> [What to work on] Repeat the records below exactly, leaving out any pictures.

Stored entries
┌──

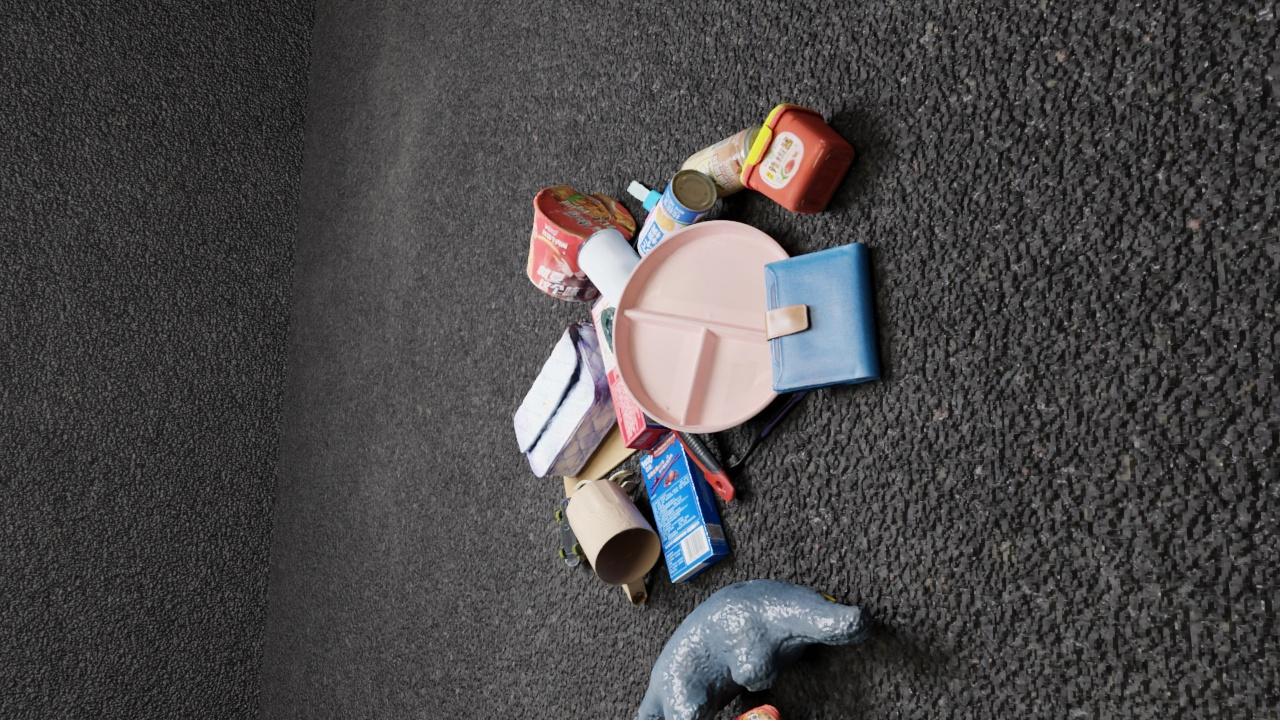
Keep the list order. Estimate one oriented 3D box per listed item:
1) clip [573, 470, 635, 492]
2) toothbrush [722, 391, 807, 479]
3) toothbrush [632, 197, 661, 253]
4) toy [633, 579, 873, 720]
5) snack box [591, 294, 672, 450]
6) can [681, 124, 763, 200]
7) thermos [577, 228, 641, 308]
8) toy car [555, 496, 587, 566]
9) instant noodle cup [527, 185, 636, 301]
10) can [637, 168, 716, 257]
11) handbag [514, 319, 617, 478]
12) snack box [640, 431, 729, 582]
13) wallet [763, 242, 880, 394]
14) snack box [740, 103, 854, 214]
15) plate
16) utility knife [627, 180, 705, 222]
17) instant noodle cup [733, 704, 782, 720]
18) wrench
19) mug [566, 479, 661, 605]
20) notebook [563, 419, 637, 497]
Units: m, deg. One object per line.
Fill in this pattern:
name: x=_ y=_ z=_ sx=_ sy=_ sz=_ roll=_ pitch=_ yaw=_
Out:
clip: x=-0.050 y=0.162 z=1.188 sx=0.103 sy=0.035 sz=0.092 roll=-59 pitch=42 yaw=25
toothbrush: x=0.135 y=0.065 z=0.949 sx=0.190 sy=0.014 sz=0.016 roll=-54 pitch=31 yaw=36
toothbrush: x=-0.010 y=-0.135 z=1.185 sx=0.017 sy=0.014 sz=0.190 roll=60 pitch=138 yaw=29
toy: x=0.085 y=0.290 z=0.890 sx=0.357 sy=0.091 sz=0.137 roll=-47 pitch=22 yaw=32
snack box: x=-0.007 y=0.007 z=1.131 sx=0.058 sy=0.057 sz=0.207 roll=-48 pitch=47 yaw=44
can: x=0.100 y=-0.214 z=1.011 sx=0.116 sy=0.058 sz=0.058 roll=-11 pitch=74 yaw=55
thermos: x=0.011 y=-0.064 z=1.082 sx=0.224 sy=0.073 sz=0.073 roll=52 pitch=127 yaw=31
toy car: x=-0.087 y=0.229 z=1.229 sx=0.042 sy=0.035 sz=0.090 roll=-28 pitch=61 yaw=52
instant noodle cup: x=-0.086 y=-0.150 z=1.218 sx=0.137 sy=0.137 sz=0.109 roll=60 pitch=140 yaw=42
can: x=0.039 y=-0.159 z=1.043 sx=0.135 sy=0.053 sz=0.053 roll=128 pitch=139 yaw=-62
handbag: x=-0.098 y=0.058 z=1.225 sx=0.194 sy=0.075 sz=0.134 roll=-56 pitch=42 yaw=33
snack box: x=0.048 y=0.164 z=1.046 sx=0.085 sy=0.026 sz=0.157 roll=-47 pitch=48 yaw=42
wallet: x=0.170 y=-0.039 z=0.875 sx=0.107 sy=0.040 sz=0.133 roll=-11 pitch=74 yaw=33
snack box: x=0.159 y=-0.196 z=0.909 sx=0.080 sy=0.081 sz=0.091 roll=47 pitch=124 yaw=33
plate: x=0.073 y=-0.035 z=0.978 sx=0.230 sy=0.028 sz=0.229 roll=-7 pitch=77 yaw=31
utility knife: x=0.029 y=-0.189 z=1.149 sx=0.199 sy=0.018 sz=0.034 roll=45 pitch=121 yaw=51
instant noodle cup: x=0.110 y=0.426 z=0.858 sx=0.189 sy=0.079 sz=0.164 roll=-46 pitch=48 yaw=41
wrench: x=0.027 y=0.048 z=1.034 sx=0.273 sy=0.016 sz=0.056 roll=55 pitch=152 yaw=24
mug: x=-0.031 y=0.219 z=1.108 sx=0.103 sy=0.084 sz=0.125 roll=49 pitch=157 yaw=52
notebook: x=-0.058 y=0.084 z=1.236 sx=0.208 sy=0.008 sz=0.147 roll=-42 pitch=51 yaw=44
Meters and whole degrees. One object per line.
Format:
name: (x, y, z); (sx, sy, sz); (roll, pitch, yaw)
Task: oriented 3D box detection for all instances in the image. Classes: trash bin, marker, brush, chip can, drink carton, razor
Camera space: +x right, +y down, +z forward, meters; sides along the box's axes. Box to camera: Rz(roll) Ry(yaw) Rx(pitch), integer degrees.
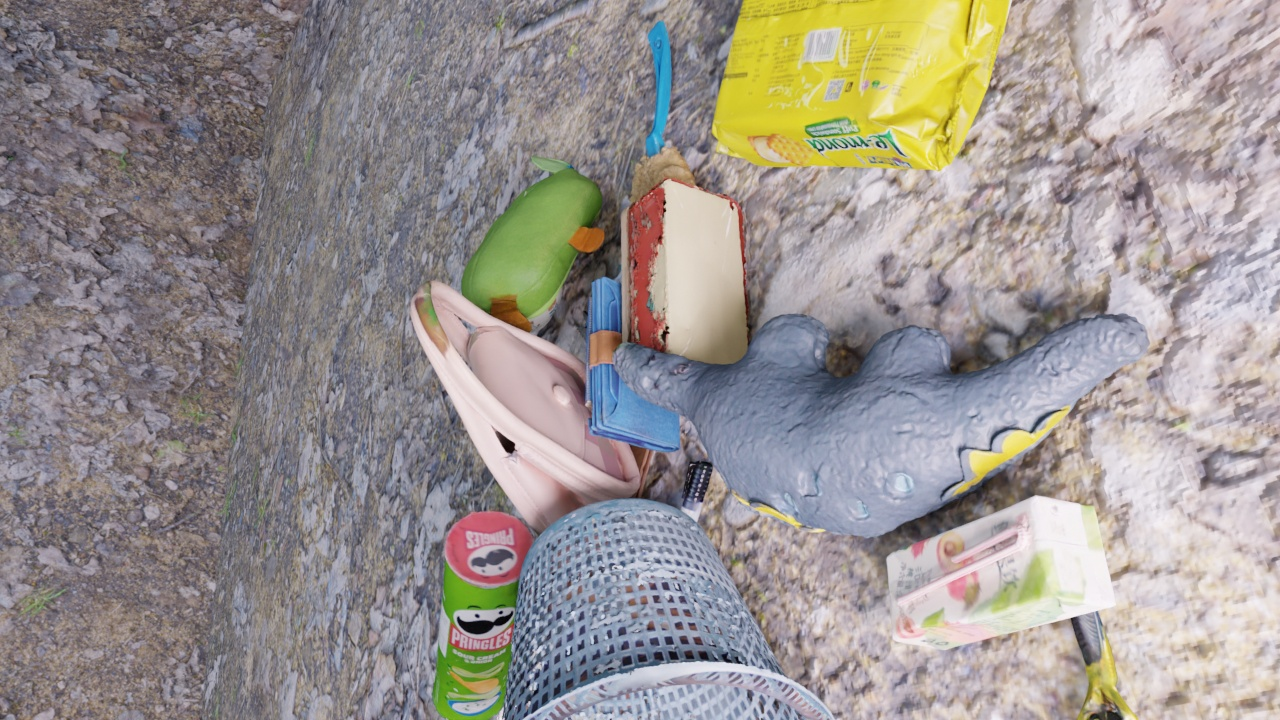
trash bin: (-0.002, 0.209, 0.628); (0.227, 0.226, 0.194); (-60, 24, 26)
marker: (0.032, 0.144, 0.748); (0.023, 0.018, 0.131); (19, 96, 13)
brush: (0.020, -0.222, 0.878); (0.083, 0.045, 0.254); (-36, 47, 51)
chip can: (-0.139, 0.228, 0.786); (0.072, 0.072, 0.237); (-113, 28, -42)
drink carton: (0.182, 0.114, 0.483); (0.123, 0.045, 0.053); (132, 146, -56)
razor: (0.222, 0.138, 0.458); (0.043, 0.022, 0.142); (132, 145, -54)

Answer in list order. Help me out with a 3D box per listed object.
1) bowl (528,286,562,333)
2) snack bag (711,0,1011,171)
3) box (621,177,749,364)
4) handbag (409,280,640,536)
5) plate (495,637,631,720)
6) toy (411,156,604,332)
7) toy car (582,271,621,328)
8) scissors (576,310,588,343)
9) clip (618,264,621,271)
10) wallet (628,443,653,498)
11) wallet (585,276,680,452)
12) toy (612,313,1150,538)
bowl: (-0.134, -0.068, 1.015); (0.114, 0.062, 0.113); (-12, 50, 15)
snack bag: (0.145, -0.219, 0.653); (0.247, 0.068, 0.158); (20, 97, 56)
box: (0.039, -0.059, 0.740); (0.080, 0.091, 0.168); (-30, 56, 53)
handbag: (-0.110, 0.027, 0.761); (0.093, 0.234, 0.193); (-37, 38, 8)
plate: (-0.065, 0.343, 0.809); (0.205, 0.045, 0.204); (-25, 59, 50)
toy: (-0.115, -0.108, 0.936); (0.227, 0.090, 0.246); (3, 52, 44)
toy car: (-0.006, -0.064, 0.837); (0.037, 0.054, 0.121); (52, 121, 25)
scissors: (-0.037, 0.003, 0.899); (0.173, 0.014, 0.145); (-8, 63, 52)
clip: (-0.005, -0.084, 0.888); (0.041, 0.014, 0.056); (-61, 38, 24)
wallet: (-0.031, 0.122, 0.822); (0.116, 0.020, 0.101); (-34, 29, 44)
wallet: (-0.005, 0.005, 0.774); (0.040, 0.106, 0.133); (-19, 63, 37)
toy: (0.115, 0.037, 0.570); (0.357, 0.091, 0.138); (1, 89, 42)

└──

> [Result of the task]
Keep the list order. Estimate one oriented 3D box per listed item:
1) clip [573, 470, 635, 492]
2) toothbrush [722, 391, 807, 479]
3) toothbrush [632, 197, 661, 253]
4) toy [633, 579, 873, 720]
5) snack box [591, 294, 672, 450]
6) can [681, 124, 763, 200]
7) thermos [577, 228, 641, 308]
8) toy car [555, 496, 587, 566]
9) instant noodle cup [527, 185, 636, 301]
10) can [637, 168, 716, 257]
11) handbag [514, 319, 617, 478]
12) snack box [640, 431, 729, 582]
13) wallet [763, 242, 880, 394]
14) snack box [740, 103, 854, 214]
15) plate
16) utility knife [627, 180, 705, 222]
17) instant noodle cup [733, 704, 782, 720]
18) wrench
19) mug [566, 479, 661, 605]
20) notebook [563, 419, 637, 497]
Units: m, deg. One object per line.
Fill in this pattern:
name: x=_ y=_ z=_ sx=_ sy=_ sz=_ roll=_ pitch=_ yaw=_
Out:
clip: x=-0.050 y=0.162 z=1.188 sx=0.103 sy=0.035 sz=0.092 roll=-59 pitch=42 yaw=25
toothbrush: x=0.135 y=0.065 z=0.949 sx=0.190 sy=0.014 sz=0.016 roll=-54 pitch=31 yaw=36
toothbrush: x=-0.010 y=-0.135 z=1.185 sx=0.017 sy=0.014 sz=0.190 roll=60 pitch=138 yaw=29
toy: x=0.085 y=0.290 z=0.890 sx=0.357 sy=0.091 sz=0.137 roll=-47 pitch=22 yaw=32
snack box: x=-0.007 y=0.007 z=1.131 sx=0.058 sy=0.057 sz=0.207 roll=-48 pitch=47 yaw=44
can: x=0.100 y=-0.214 z=1.011 sx=0.116 sy=0.058 sz=0.058 roll=-11 pitch=74 yaw=55
thermos: x=0.011 y=-0.064 z=1.082 sx=0.224 sy=0.073 sz=0.073 roll=52 pitch=127 yaw=31
toy car: x=-0.087 y=0.229 z=1.229 sx=0.042 sy=0.035 sz=0.090 roll=-28 pitch=61 yaw=52
instant noodle cup: x=-0.086 y=-0.150 z=1.218 sx=0.137 sy=0.137 sz=0.109 roll=60 pitch=140 yaw=42
can: x=0.039 y=-0.159 z=1.043 sx=0.135 sy=0.053 sz=0.053 roll=128 pitch=139 yaw=-62
handbag: x=-0.098 y=0.058 z=1.225 sx=0.194 sy=0.075 sz=0.134 roll=-56 pitch=42 yaw=33
snack box: x=0.048 y=0.164 z=1.046 sx=0.085 sy=0.026 sz=0.157 roll=-47 pitch=48 yaw=42
wallet: x=0.170 y=-0.039 z=0.875 sx=0.107 sy=0.040 sz=0.133 roll=-11 pitch=74 yaw=33
snack box: x=0.159 y=-0.196 z=0.909 sx=0.080 sy=0.081 sz=0.091 roll=47 pitch=124 yaw=33
plate: x=0.073 y=-0.035 z=0.978 sx=0.230 sy=0.028 sz=0.229 roll=-7 pitch=77 yaw=31
utility knife: x=0.029 y=-0.189 z=1.149 sx=0.199 sy=0.018 sz=0.034 roll=45 pitch=121 yaw=51
instant noodle cup: x=0.110 y=0.426 z=0.858 sx=0.189 sy=0.079 sz=0.164 roll=-46 pitch=48 yaw=41
wrench: x=0.027 y=0.048 z=1.034 sx=0.273 sy=0.016 sz=0.056 roll=55 pitch=152 yaw=24
mug: x=-0.031 y=0.219 z=1.108 sx=0.103 sy=0.084 sz=0.125 roll=49 pitch=157 yaw=52
notebook: x=-0.058 y=0.084 z=1.236 sx=0.208 sy=0.008 sz=0.147 roll=-42 pitch=51 yaw=44
Meters and whole degrees. One object per line.
Format:
name: (x, y, z); (sx, sy, sz); (roll, pitch, yaw)
Task: oriented 3D box detection for all instances in the image. Classes: trash bin, marker, brush, chip can, drink carton, razor
Camera space: +x right, +y down, +z forward, meters; sides along the box's axes. Box to camera: Rz(roll) Ry(yaw) Rx(pitch), integer degrees.
trash bin: (-0.002, 0.209, 0.628); (0.227, 0.226, 0.194); (-60, 24, 26)
marker: (0.032, 0.144, 0.748); (0.023, 0.018, 0.131); (19, 96, 13)
brush: (0.020, -0.222, 0.878); (0.083, 0.045, 0.254); (-36, 47, 51)
chip can: (-0.139, 0.228, 0.786); (0.072, 0.072, 0.237); (-113, 28, -42)
drink carton: (0.182, 0.114, 0.483); (0.123, 0.045, 0.053); (132, 146, -56)
razor: (0.222, 0.138, 0.458); (0.043, 0.022, 0.142); (132, 145, -54)

Answer in list order. Help me out with a 3D box per listed object.
1) bowl (528,286,562,333)
2) snack bag (711,0,1011,171)
3) box (621,177,749,364)
4) handbag (409,280,640,536)
5) plate (495,637,631,720)
6) toy (411,156,604,332)
7) toy car (582,271,621,328)
8) scissors (576,310,588,343)
9) clip (618,264,621,271)
10) wallet (628,443,653,498)
11) wallet (585,276,680,452)
12) toy (612,313,1150,538)
bowl: (-0.134, -0.068, 1.015); (0.114, 0.062, 0.113); (-12, 50, 15)
snack bag: (0.145, -0.219, 0.653); (0.247, 0.068, 0.158); (20, 97, 56)
box: (0.039, -0.059, 0.740); (0.080, 0.091, 0.168); (-30, 56, 53)
handbag: (-0.110, 0.027, 0.761); (0.093, 0.234, 0.193); (-37, 38, 8)
plate: (-0.065, 0.343, 0.809); (0.205, 0.045, 0.204); (-25, 59, 50)
toy: (-0.115, -0.108, 0.936); (0.227, 0.090, 0.246); (3, 52, 44)
toy car: (-0.006, -0.064, 0.837); (0.037, 0.054, 0.121); (52, 121, 25)
scissors: (-0.037, 0.003, 0.899); (0.173, 0.014, 0.145); (-8, 63, 52)
clip: (-0.005, -0.084, 0.888); (0.041, 0.014, 0.056); (-61, 38, 24)
wallet: (-0.031, 0.122, 0.822); (0.116, 0.020, 0.101); (-34, 29, 44)
wallet: (-0.005, 0.005, 0.774); (0.040, 0.106, 0.133); (-19, 63, 37)
toy: (0.115, 0.037, 0.570); (0.357, 0.091, 0.138); (1, 89, 42)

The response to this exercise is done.